**Problem statement**: Pictures aside, the data must be reproduced exactly.
----
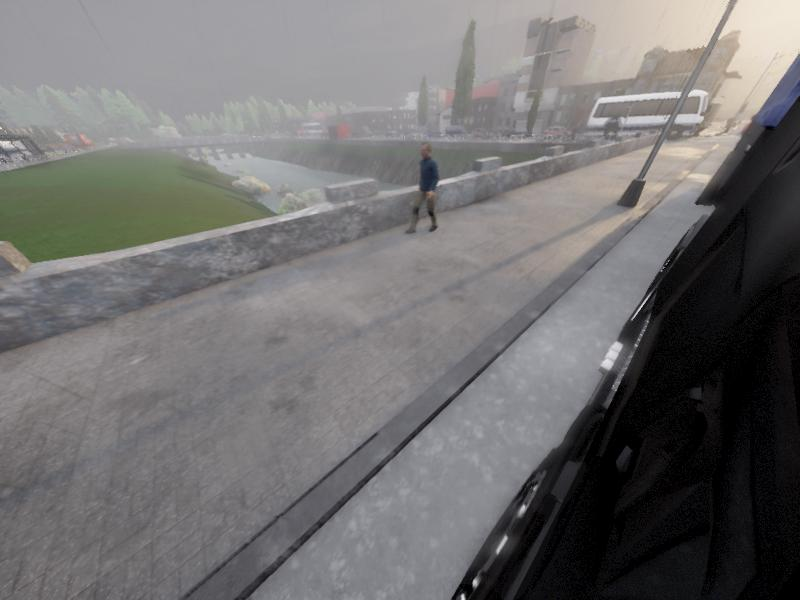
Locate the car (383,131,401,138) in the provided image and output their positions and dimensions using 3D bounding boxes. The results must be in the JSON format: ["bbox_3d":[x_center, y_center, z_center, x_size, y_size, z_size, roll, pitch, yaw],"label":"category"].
[{"bbox_3d":[-1.918,-40.827,56.959,1.812,1.442,4.674,-28,44,-30],"label":"car"}]

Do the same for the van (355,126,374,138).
[{"bbox_3d":[-9.951,-46.786,64.419,1.988,2.561,5.915,-28,44,-30],"label":"van"}]

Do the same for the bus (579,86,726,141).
[{"bbox_3d":[28.309,-21.256,26.915,3.944,4.253,10.273,-29,44,-31],"label":"bus"}]

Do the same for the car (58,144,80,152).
[{"bbox_3d":[-78.949,-36.353,55.118,1.994,1.385,4.181,-28,44,-30],"label":"car"}]

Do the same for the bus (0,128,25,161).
[{"bbox_3d":[-64.437,-23.839,35.266,3.944,4.253,10.273,-28,44,-30],"label":"bus"}]

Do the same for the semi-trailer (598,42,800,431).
[{"bbox_3d":[8.700,-3.588,4.249,14.254,4.402,2.717,-28,44,-30],"label":"semi-trailer"}]

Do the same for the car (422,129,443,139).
[{"bbox_3d":[6.769,-34.853,48.505,1.816,1.474,4.193,-28,44,-30],"label":"car"}]

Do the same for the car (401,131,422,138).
[{"bbox_3d":[2.564,-37.681,52.649,1.895,1.301,4.718,-28,44,-30],"label":"car"}]

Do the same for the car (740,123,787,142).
[{"bbox_3d":[34.667,-16.065,22.120,4.718,1.301,1.895,-28,44,-30],"label":"car"}]

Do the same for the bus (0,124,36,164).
[{"bbox_3d":[-54.312,-20.359,30.094,3.944,4.253,10.273,-28,44,-30],"label":"bus"}]

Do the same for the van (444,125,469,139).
[{"bbox_3d":[10.820,-32.259,44.405,1.775,1.987,4.442,-28,44,-30],"label":"van"}]

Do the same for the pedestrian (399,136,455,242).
[{"bbox_3d":[0.534,-2.320,4.912,0.751,1.860,0.751,-28,44,-30],"label":"pedestrian"}]

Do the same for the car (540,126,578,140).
[{"bbox_3d":[22.668,-23.888,33.038,1.970,1.475,3.806,-28,44,-30],"label":"car"}]

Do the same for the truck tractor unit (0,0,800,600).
[{"bbox_3d":[2.645,-0.295,0.351,6.516,4.208,3.053,-28,44,-30],"label":"truck tractor unit"}]

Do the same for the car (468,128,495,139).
[{"bbox_3d":[14.435,-29.566,41.047,1.970,1.475,3.806,-28,44,-30],"label":"car"}]

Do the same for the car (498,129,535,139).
[{"bbox_3d":[18.585,-26.638,37.073,1.895,1.301,4.718,-28,44,-30],"label":"car"}]

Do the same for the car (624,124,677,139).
[{"bbox_3d":[31.704,-21.406,29.340,1.994,1.385,4.181,-30,45,-32],"label":"car"}]

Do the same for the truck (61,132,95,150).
[{"bbox_3d":[-88.624,-43.982,63.768,2.891,3.827,8.468,-28,44,-30],"label":"truck"}]

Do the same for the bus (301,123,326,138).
[{"bbox_3d":[-31.990,-62.763,85.458,3.944,4.253,10.273,-28,44,-30],"label":"bus"}]
----
**The completed task**:
Locate the car (383,131,401,138) in the provided image and output their positions and dimensions using 3D bounding boxes. The results must be in the JSON format: ["bbox_3d":[x_center, y_center, z_center, x_size, y_size, z_size, roll, pitch, yaw],"label":"category"].
[{"bbox_3d":[-1.918,-40.827,56.959,1.812,1.442,4.674,-28,44,-30],"label":"car"}]

Do the same for the van (355,126,374,138).
[{"bbox_3d":[-9.951,-46.786,64.419,1.988,2.561,5.915,-28,44,-30],"label":"van"}]

Do the same for the bus (579,86,726,141).
[{"bbox_3d":[28.309,-21.256,26.915,3.944,4.253,10.273,-29,44,-31],"label":"bus"}]

Do the same for the car (58,144,80,152).
[{"bbox_3d":[-78.949,-36.353,55.118,1.994,1.385,4.181,-28,44,-30],"label":"car"}]

Do the same for the bus (0,128,25,161).
[{"bbox_3d":[-64.437,-23.839,35.266,3.944,4.253,10.273,-28,44,-30],"label":"bus"}]

Do the same for the semi-trailer (598,42,800,431).
[{"bbox_3d":[8.700,-3.588,4.249,14.254,4.402,2.717,-28,44,-30],"label":"semi-trailer"}]

Do the same for the car (422,129,443,139).
[{"bbox_3d":[6.769,-34.853,48.505,1.816,1.474,4.193,-28,44,-30],"label":"car"}]

Do the same for the car (401,131,422,138).
[{"bbox_3d":[2.564,-37.681,52.649,1.895,1.301,4.718,-28,44,-30],"label":"car"}]

Do the same for the car (740,123,787,142).
[{"bbox_3d":[34.667,-16.065,22.120,4.718,1.301,1.895,-28,44,-30],"label":"car"}]

Do the same for the bus (0,124,36,164).
[{"bbox_3d":[-54.312,-20.359,30.094,3.944,4.253,10.273,-28,44,-30],"label":"bus"}]

Do the same for the van (444,125,469,139).
[{"bbox_3d":[10.820,-32.259,44.405,1.775,1.987,4.442,-28,44,-30],"label":"van"}]

Do the same for the pedestrian (399,136,455,242).
[{"bbox_3d":[0.534,-2.320,4.912,0.751,1.860,0.751,-28,44,-30],"label":"pedestrian"}]

Do the same for the car (540,126,578,140).
[{"bbox_3d":[22.668,-23.888,33.038,1.970,1.475,3.806,-28,44,-30],"label":"car"}]

Do the same for the truck tractor unit (0,0,800,600).
[{"bbox_3d":[2.645,-0.295,0.351,6.516,4.208,3.053,-28,44,-30],"label":"truck tractor unit"}]

Do the same for the car (468,128,495,139).
[{"bbox_3d":[14.435,-29.566,41.047,1.970,1.475,3.806,-28,44,-30],"label":"car"}]

Do the same for the car (498,129,535,139).
[{"bbox_3d":[18.585,-26.638,37.073,1.895,1.301,4.718,-28,44,-30],"label":"car"}]

Do the same for the car (624,124,677,139).
[{"bbox_3d":[31.704,-21.406,29.340,1.994,1.385,4.181,-30,45,-32],"label":"car"}]

Do the same for the truck (61,132,95,150).
[{"bbox_3d":[-88.624,-43.982,63.768,2.891,3.827,8.468,-28,44,-30],"label":"truck"}]

Do the same for the bus (301,123,326,138).
[{"bbox_3d":[-31.990,-62.763,85.458,3.944,4.253,10.273,-28,44,-30],"label":"bus"}]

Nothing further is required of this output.